**Assignment**. Using the records below, repeat exactly the lines from the one holding "picture [41, 47, 231, 172]" through the one holding "text Op 6 oktober", both ends included, and no others.

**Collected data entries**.
========================
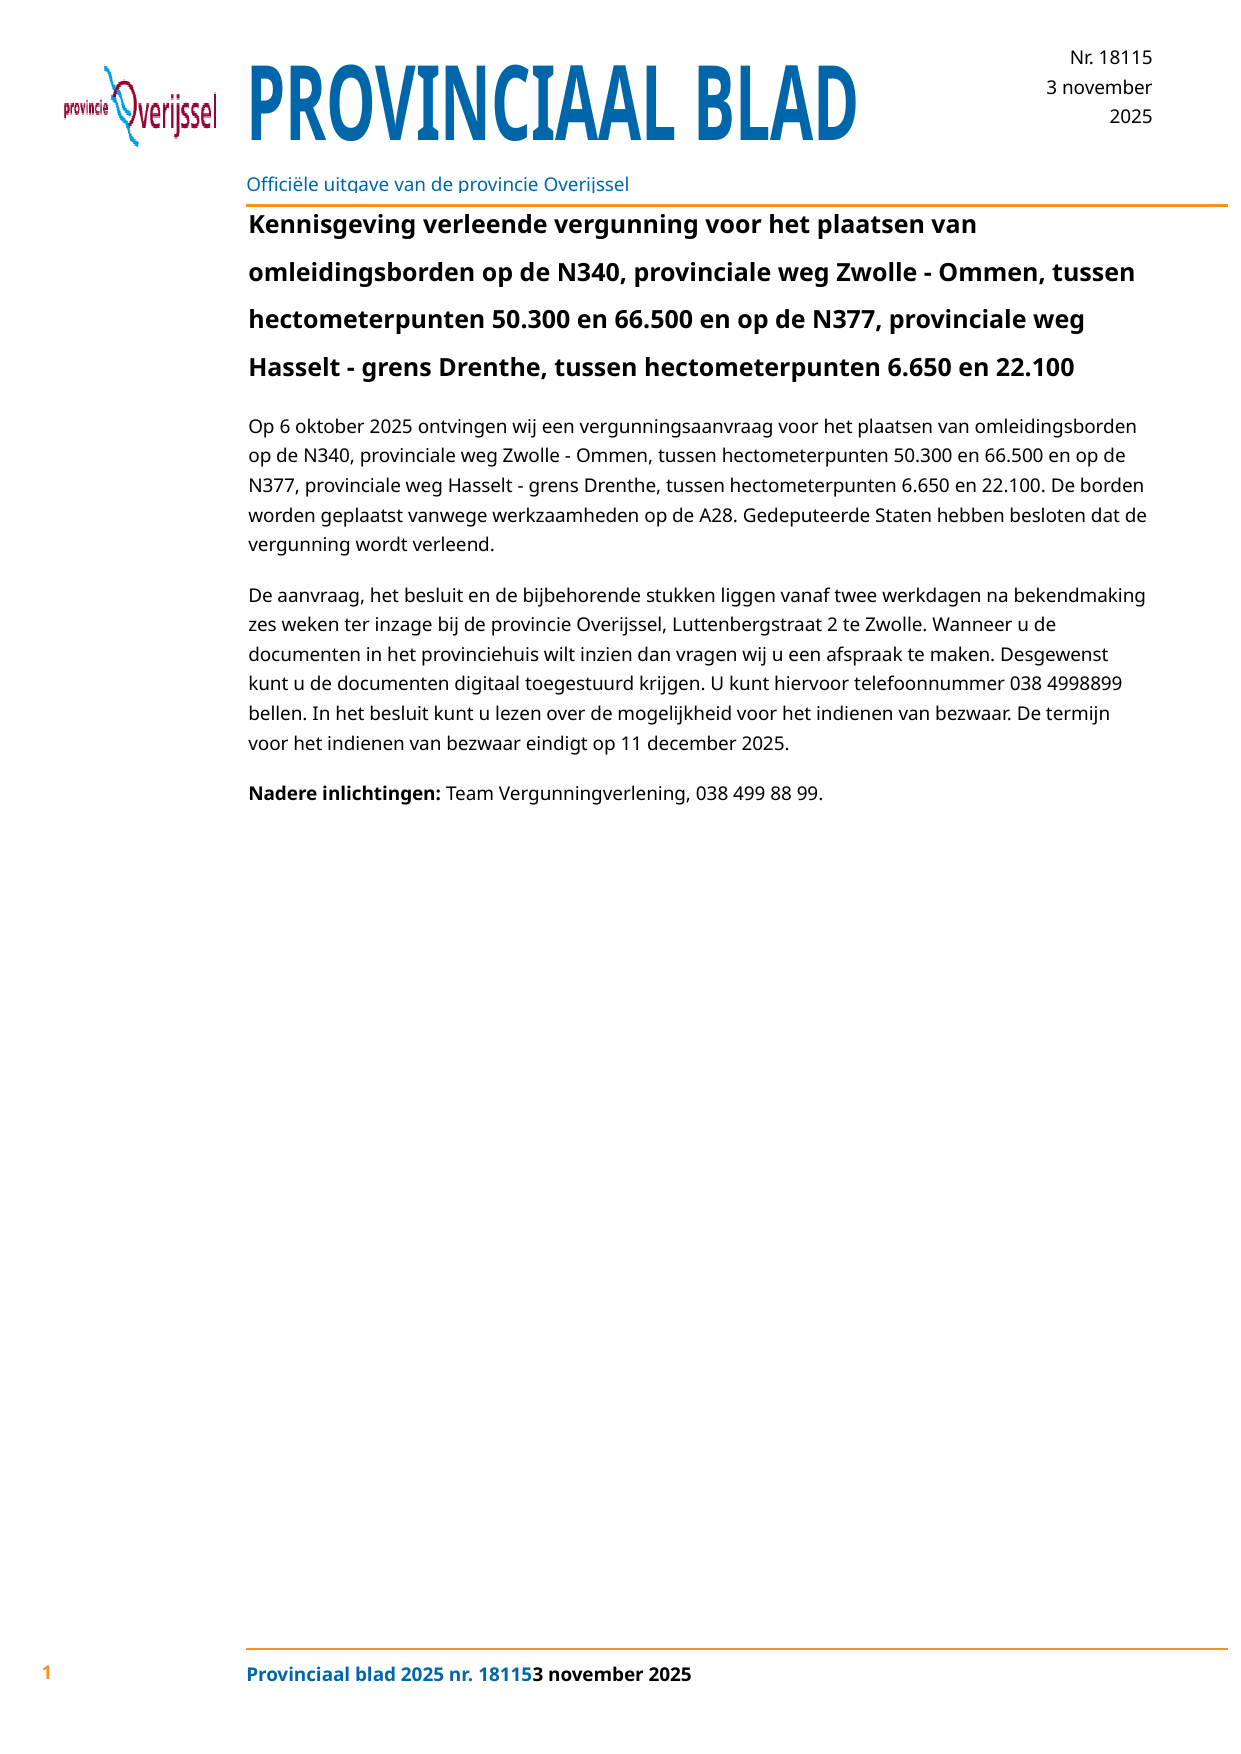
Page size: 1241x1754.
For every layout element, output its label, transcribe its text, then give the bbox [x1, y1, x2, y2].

text Kennisgeving verleende vergunning voor het plaatsen van omleidingsborden op de N340, provinciale weg Zwolle - Ommen, tussen hectometerpunten 50.300 en 66.500 en op de N377, provinciale weg Hasselt - grens Drenthe, tussen hectometerpunten 6.650 en 22.100 [248, 207, 1152, 384]
picture [41, 47, 231, 172]
text Nadere inlichtingen: Team Vergunningverlening, 038 499 88 99. [248, 780, 1152, 806]
text Op 6 oktober 2025 ontvingen wij een vergunningsaanvraag voor het plaatsen van omleidingsborden op de N340, provinciale weg Zwolle - Ommen, tussen hectometerpunten 50.300 en 66.500 en op de N377, provinciale weg Hasselt - grens Drenthe, tussen hectometerpunten 6.650 en 22.100. De borden worden geplaatst vanwege werkzaamheden op de A28. Gedeputeerde Staten hebben besloten dat de vergunning wordt verleend. [248, 413, 1152, 557]
text De aanvraag, het besluit en de bijbehorende stukken liggen vanaf twee werkdagen na bekendmaking zes weken ter inzage bij de provincie Overijssel, Luttenbergstraat 2 te Zwolle. Wanneer u de documenten in het provinciehuis wilt inzien dan vragen wij u een afspraak te maken. Desgewenst kunt u de documenten digitaal toegestuurd krijgen. U kunt hiervoor telefoonnummer 038 4998899 bellen. In het besluit kunt u lezen over de mogelijkheid voor het indienen van bezwaar. De termijn voor het indienen van bezwaar eindigt op 11 december 2025. [248, 582, 1152, 756]
========================
**Answer to this exercise**.
picture [41, 47, 231, 172]
text Nadere inlichtingen: Team Vergunningverlening, 038 499 88 99. [248, 780, 1152, 806]
text Op 6 oktober 2025 ontvingen wij een vergunningsaanvraag voor het plaatsen van omleidingsborden op de N340, provinciale weg Zwolle - Ommen, tussen hectometerpunten 50.300 en 66.500 en op de N377, provinciale weg Hasselt - grens Drenthe, tussen hectometerpunten 6.650 en 22.100. De borden worden geplaatst vanwege werkzaamheden op de A28. Gedeputeerde Staten hebben besloten dat de vergunning wordt verleend. [248, 413, 1152, 557]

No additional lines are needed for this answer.